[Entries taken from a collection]
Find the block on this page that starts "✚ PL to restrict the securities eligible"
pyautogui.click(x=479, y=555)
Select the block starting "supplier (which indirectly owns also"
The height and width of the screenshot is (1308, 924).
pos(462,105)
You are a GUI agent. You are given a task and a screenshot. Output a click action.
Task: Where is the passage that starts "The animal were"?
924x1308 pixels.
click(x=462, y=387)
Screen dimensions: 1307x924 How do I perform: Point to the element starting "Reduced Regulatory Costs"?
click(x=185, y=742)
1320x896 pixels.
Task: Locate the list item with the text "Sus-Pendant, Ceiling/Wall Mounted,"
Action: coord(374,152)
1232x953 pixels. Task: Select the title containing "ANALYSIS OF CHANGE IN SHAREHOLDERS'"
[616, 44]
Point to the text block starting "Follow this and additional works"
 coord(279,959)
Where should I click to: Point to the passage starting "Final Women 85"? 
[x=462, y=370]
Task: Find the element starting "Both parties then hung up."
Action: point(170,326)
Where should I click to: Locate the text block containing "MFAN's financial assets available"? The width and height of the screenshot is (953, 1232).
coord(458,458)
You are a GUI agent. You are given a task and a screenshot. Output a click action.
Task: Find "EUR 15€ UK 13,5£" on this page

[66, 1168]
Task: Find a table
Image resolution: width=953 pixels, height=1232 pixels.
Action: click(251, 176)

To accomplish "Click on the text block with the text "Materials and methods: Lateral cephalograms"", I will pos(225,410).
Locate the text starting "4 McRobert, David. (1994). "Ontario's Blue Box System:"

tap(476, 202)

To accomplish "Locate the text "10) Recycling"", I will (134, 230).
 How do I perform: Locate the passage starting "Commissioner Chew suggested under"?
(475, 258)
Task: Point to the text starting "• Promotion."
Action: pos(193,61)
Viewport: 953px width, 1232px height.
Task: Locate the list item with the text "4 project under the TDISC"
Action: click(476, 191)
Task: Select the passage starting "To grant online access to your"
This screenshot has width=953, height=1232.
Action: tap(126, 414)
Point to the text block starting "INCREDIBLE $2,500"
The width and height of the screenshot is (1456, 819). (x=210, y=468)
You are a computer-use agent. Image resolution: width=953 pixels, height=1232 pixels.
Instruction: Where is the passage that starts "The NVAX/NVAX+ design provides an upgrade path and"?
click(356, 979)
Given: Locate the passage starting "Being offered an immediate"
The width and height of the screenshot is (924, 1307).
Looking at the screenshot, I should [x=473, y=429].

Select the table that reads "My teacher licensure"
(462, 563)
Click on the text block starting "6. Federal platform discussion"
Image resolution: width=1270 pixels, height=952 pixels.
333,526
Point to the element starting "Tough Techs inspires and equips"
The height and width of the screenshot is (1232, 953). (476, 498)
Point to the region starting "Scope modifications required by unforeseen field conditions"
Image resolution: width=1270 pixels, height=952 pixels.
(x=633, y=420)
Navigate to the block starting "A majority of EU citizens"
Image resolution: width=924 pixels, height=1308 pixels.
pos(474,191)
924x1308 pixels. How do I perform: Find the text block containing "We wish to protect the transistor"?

_Work to be completed:_
For this exercise, output all the data exactly as shown above.

_Solution to the problem:_
Find the block on this page that starts "✚ PL to restrict the securities eligible"
pyautogui.click(x=479, y=555)
Select the block starting "supplier (which indirectly owns also"
The height and width of the screenshot is (1308, 924).
pos(462,105)
You are a GUI agent. You are given a task and a screenshot. Output a click action.
Task: Where is the passage that starts "The animal were"?
924x1308 pixels.
click(x=462, y=387)
Screen dimensions: 1307x924 How do I perform: Point to the element starting "Reduced Regulatory Costs"?
click(x=185, y=742)
1320x896 pixels.
Task: Locate the list item with the text "Sus-Pendant, Ceiling/Wall Mounted,"
Action: coord(374,152)
1232x953 pixels. Task: Select the title containing "ANALYSIS OF CHANGE IN SHAREHOLDERS'"
[616, 44]
Point to the text block starting "Follow this and additional works"
 coord(279,959)
Where should I click to: Point to the passage starting "Final Women 85"? 
[x=462, y=370]
Task: Find the element starting "Both parties then hung up."
Action: point(170,326)
Where should I click to: Locate the text block containing "MFAN's financial assets available"? The width and height of the screenshot is (953, 1232).
coord(458,458)
You are a GUI agent. You are given a task and a screenshot. Output a click action.
Task: Find "EUR 15€ UK 13,5£" on this page

[66, 1168]
Task: Find a table
Image resolution: width=953 pixels, height=1232 pixels.
Action: click(251, 176)

To accomplish "Click on the text block with the text "Materials and methods: Lateral cephalograms"", I will pos(225,410).
Locate the text starting "4 McRobert, David. (1994). "Ontario's Blue Box System:"

tap(476, 202)

To accomplish "Locate the text "10) Recycling"", I will (134, 230).
 How do I perform: Locate the passage starting "Commissioner Chew suggested under"?
(475, 258)
Task: Point to the text starting "• Promotion."
Action: pos(193,61)
Viewport: 953px width, 1232px height.
Task: Locate the list item with the text "4 project under the TDISC"
Action: click(476, 191)
Task: Select the passage starting "To grant online access to your"
This screenshot has width=953, height=1232.
Action: tap(126, 414)
Point to the text block starting "INCREDIBLE $2,500"
The width and height of the screenshot is (1456, 819). (x=210, y=468)
You are a computer-use agent. Image resolution: width=953 pixels, height=1232 pixels.
Instruction: Where is the passage that starts "The NVAX/NVAX+ design provides an upgrade path and"?
click(356, 979)
Given: Locate the passage starting "Being offered an immediate"
The width and height of the screenshot is (924, 1307).
Looking at the screenshot, I should [x=473, y=429].

Select the table that reads "My teacher licensure"
(462, 563)
Click on the text block starting "6. Federal platform discussion"
Image resolution: width=1270 pixels, height=952 pixels.
333,526
Point to the element starting "Tough Techs inspires and equips"
The height and width of the screenshot is (1232, 953). (476, 498)
Point to the region starting "Scope modifications required by unforeseen field conditions"
Image resolution: width=1270 pixels, height=952 pixels.
(x=633, y=420)
Navigate to the block starting "A majority of EU citizens"
Image resolution: width=924 pixels, height=1308 pixels.
pos(474,191)
924x1308 pixels. How do I perform: Find the text block containing "We wish to protect the transistor"?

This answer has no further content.